Fast-forward to May 2023. DeSantis finally entered the race. Except he forwent the traditional televised rally often where a candidate is joined onstage by their beautiful family and adoring fans in the backdrop to launch the campaign. Instead, he went for an audio conversation with Elon Musk on X that was plagued with technical difficulties and crashes (The DeSantis campaign spun the blunder as the governor "breaking the internet."). 

Despite the ridicule from the legacy media and Trump supporters, DeSantis carried on and maintained the strategy of dodging the liberal press.

Several weeks of campaigning have not translated into any shift in the polls for the Florida governor. In July, RealClearPolitics had him averaging at 21% while the former president was averaging over 52%. In January, it was only a 14-point spread between the two of them.

Desperate times called for desperate measures. And desperate measures meant DeSantis breaking his liberal media boycott, granting an interview with CNN's Jake Tapper

That led to an avalanche of TV hits from CNN to NBC to ABC to CBS, even multiple appearances on MSNBC's "Morning Joe."

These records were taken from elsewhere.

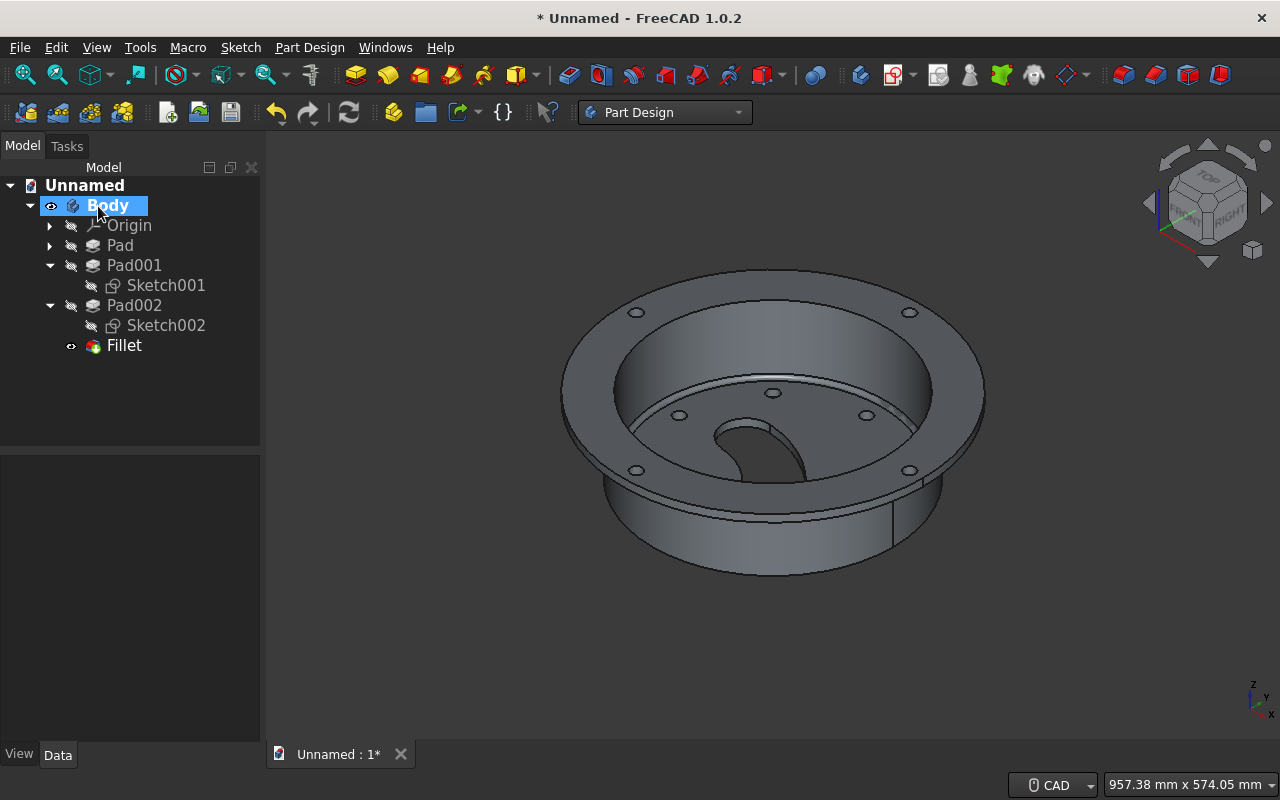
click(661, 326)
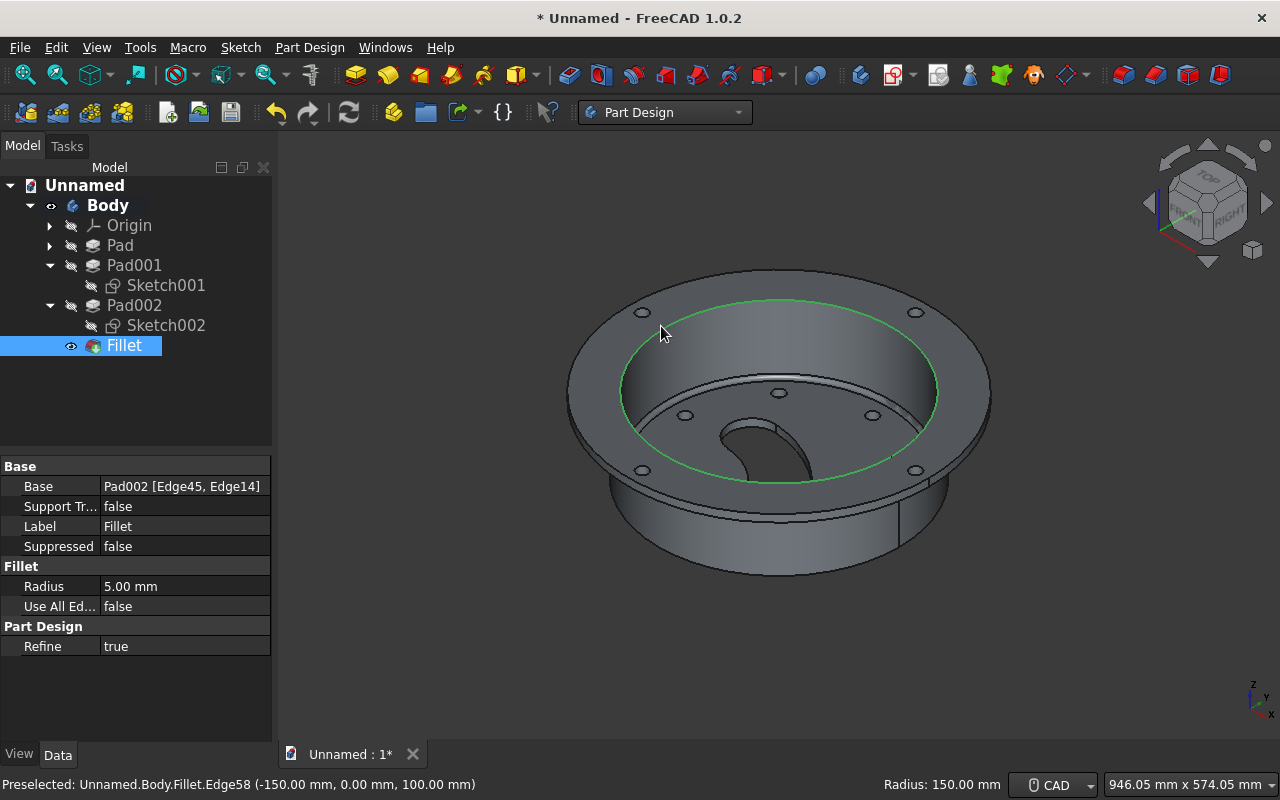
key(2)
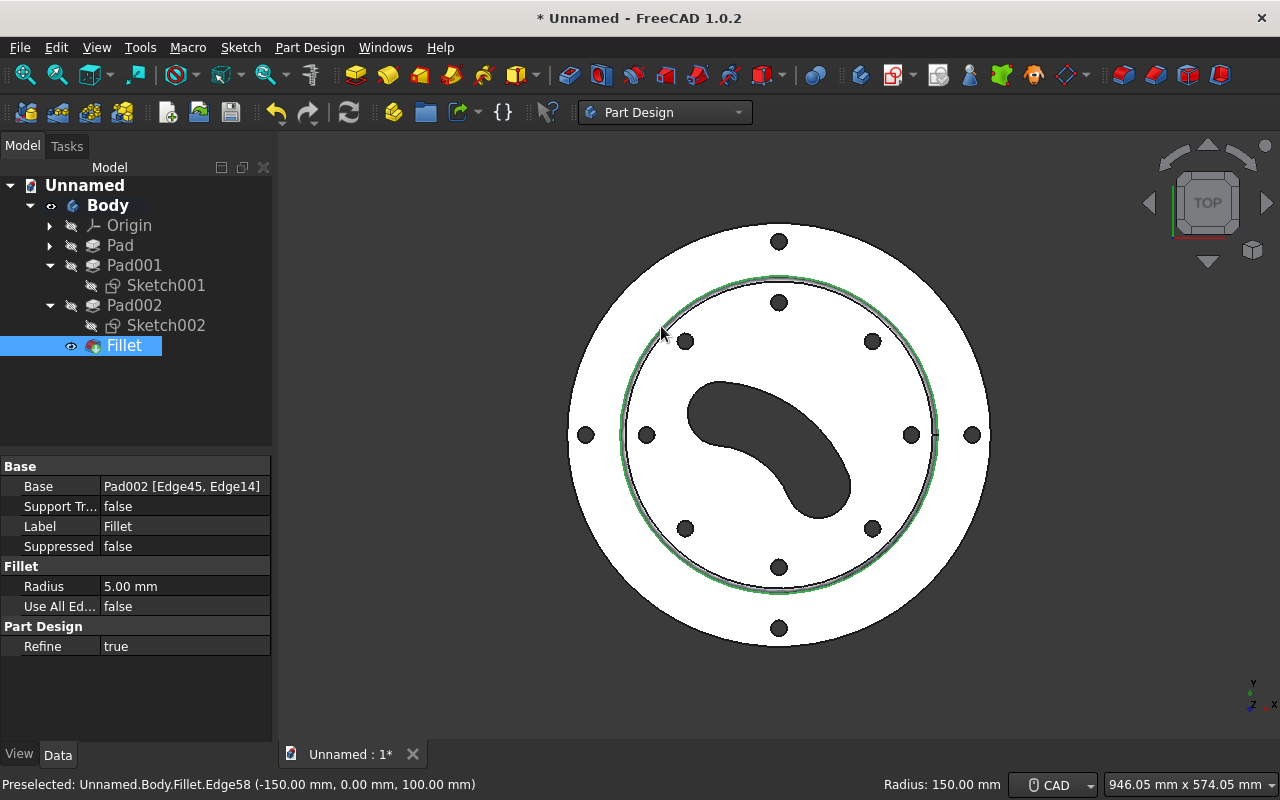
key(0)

Those network interviews were largely cordial. While DeSantis would at times be combative, his interactions with liberal journalists paled in comparison to his COVID-era press conferences that had real fireworks.

Though DeSantis himself has express regret for not embracing the liberal media from the get-go of his campaign, would it have made any difference if he did?

"Nope," Fox News contributor Joe Concha told Fox News Digital. "It wouldn't have changed one vote."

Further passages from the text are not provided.